Sure, they can take extra calcium later in life to slow down the rate of calcium loss from bone. With resistance exercise and 1,400-2,000 IU of vitamin D, they may even help stabilize their bone density. But many women simply didn't get enough calcium when they were younger and end up paying a very dear price for it as early as age 45, when osteopenia or osteoporosis is often discovered upon bone density testing.

What's a Girl to Do?

There is no need to tell me how hard it is to convince teenagers to subscribe to a healthy diet and exercise program for the sake of preventing diseases that may occur in their 50s or 60s. In your teens, conditions like osteoporosis, heart disease, cancer and dementia just don't seem that imminent - these are things that happen to people who are ancient. It's impossible for them to understand how quickly life ticks away and the years pass.

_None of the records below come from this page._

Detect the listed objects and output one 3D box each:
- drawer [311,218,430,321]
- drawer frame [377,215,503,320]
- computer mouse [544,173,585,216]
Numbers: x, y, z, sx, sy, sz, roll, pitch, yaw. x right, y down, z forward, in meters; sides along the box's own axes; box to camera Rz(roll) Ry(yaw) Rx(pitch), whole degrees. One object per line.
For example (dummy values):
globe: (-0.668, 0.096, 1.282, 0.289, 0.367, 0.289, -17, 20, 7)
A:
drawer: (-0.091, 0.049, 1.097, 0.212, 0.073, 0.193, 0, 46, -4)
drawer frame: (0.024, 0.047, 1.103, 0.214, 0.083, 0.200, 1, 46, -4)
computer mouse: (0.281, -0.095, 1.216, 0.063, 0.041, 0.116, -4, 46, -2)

Fortunately, research has shown that the teenage version of an osteoporosis prevention program is very, very simple, yet highly effective. So, they really don't have to make any major adjustments to get the benefit you want for them.

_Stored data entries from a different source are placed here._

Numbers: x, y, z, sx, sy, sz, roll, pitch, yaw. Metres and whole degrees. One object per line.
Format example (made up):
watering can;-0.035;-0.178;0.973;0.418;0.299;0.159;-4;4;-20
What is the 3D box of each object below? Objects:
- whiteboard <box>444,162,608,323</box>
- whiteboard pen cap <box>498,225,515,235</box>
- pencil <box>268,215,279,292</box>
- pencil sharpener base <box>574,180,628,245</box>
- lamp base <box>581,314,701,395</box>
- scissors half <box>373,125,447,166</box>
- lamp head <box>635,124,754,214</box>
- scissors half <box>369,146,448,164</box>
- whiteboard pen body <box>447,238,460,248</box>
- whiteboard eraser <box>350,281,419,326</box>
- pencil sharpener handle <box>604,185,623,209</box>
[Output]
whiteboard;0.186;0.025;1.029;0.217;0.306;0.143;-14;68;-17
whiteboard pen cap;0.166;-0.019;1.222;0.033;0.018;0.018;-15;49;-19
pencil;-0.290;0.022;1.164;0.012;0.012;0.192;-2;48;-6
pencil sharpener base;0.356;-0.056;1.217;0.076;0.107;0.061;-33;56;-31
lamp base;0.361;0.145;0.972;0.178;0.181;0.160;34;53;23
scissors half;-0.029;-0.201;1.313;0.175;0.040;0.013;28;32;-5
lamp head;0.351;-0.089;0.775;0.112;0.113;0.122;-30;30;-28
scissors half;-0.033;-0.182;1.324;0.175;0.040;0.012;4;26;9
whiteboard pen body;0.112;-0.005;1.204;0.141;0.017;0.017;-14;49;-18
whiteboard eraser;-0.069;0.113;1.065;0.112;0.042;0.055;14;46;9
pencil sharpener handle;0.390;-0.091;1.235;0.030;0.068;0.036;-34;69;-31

In 2003, Rozen1 showed that teenage girls achieved optimal calcium accretion (accumulation) in bone at a daily calcium intake of 1,200 mg per day. As the average teenage girl consumes only 500 mg of calcium from her diet, Rozen found that providing an additional 700 mg per day of calcium from a calcium supplement worked like a charm to enable teenage girls to maximize their bone density during those important teenage years.

In 2008, Lambert and fellow researchers2 confirmed what Rozen found. In a placebo-controlled study, they showed that teenage girls given an additional 555 mg of supplemental calcium achieved significantly greater gains in their total body density, compared to the teenage girls given the placebo pill.

The Take-Home Message

In an ideal world, teenage girls would consume 1,200-1,500 mg of calcium a day from food, go to the gym and lift weights three times per week, perform aerobic exercise regularly, avoid foods, beverages and behaviors that rob the body of calcium (such as soda pop, salty foods and drinks, alcohol, caffeine and cigarettes), and get the full gambit of other bone support nutrients, including vitamin D, magnesium, zinc, copper, B vitamins, silicon and protein.

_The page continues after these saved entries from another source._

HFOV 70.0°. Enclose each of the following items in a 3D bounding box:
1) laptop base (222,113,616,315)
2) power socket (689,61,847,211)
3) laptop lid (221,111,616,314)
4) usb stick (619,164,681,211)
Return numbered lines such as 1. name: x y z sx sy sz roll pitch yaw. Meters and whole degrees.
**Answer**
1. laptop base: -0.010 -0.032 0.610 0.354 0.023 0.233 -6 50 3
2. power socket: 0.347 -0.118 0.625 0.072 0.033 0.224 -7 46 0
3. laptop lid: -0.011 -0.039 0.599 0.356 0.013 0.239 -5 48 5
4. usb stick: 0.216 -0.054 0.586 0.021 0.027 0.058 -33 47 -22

At the very least, I suggest you speak to patients who have teenage girls about putting them on a high-potency multiple vitamin and mineral that contains 500 mg of elemental calcium and 400 IU of vitamin D, along with some zinc, copper and magnesium. In many cases, it's also a good idea to add one caplet of a bone support supplement that can provide an additional 250 mg of calcium and 200 IU of vitamin D, along with silicon, ipriflavone and other bone support nutrients.

Why is this so important for girls? Later in life, the decline in estrogen (around menopause) is the major trigger that promotes calcium loss from bone. This is the reason more women than men get osteoporosis. However, one in eight men over the age of 50 now develops osteoporosis, and thus, the same prevention program is suitable for teenage boys.

Men are living longer and osteoporosis is becoming a major health condition that really starts to be a factor over the age of 65. Once again, optimal calcium and vitamin D intake during the teenage years is a critical determinant of one's risk for osteoporosis later in life - whether female or a male.

References

  1. Rozen G, Renneri G, Dodiuk-Gad R, et al. Calcium supplementation provides an extended window of opportunity for bone mass accretion after menarche. Am J Clin Nutr, 2003;78:993-8.
  2. Lambert HL, Eastell R, Karnik K, et al. Calcium supplementation and bone mineral accretion in adolescent girls: an 18-mo randomized controlled trial with 2-y follow-up. Am J Clin Nutr, 2008;87(2):455-62.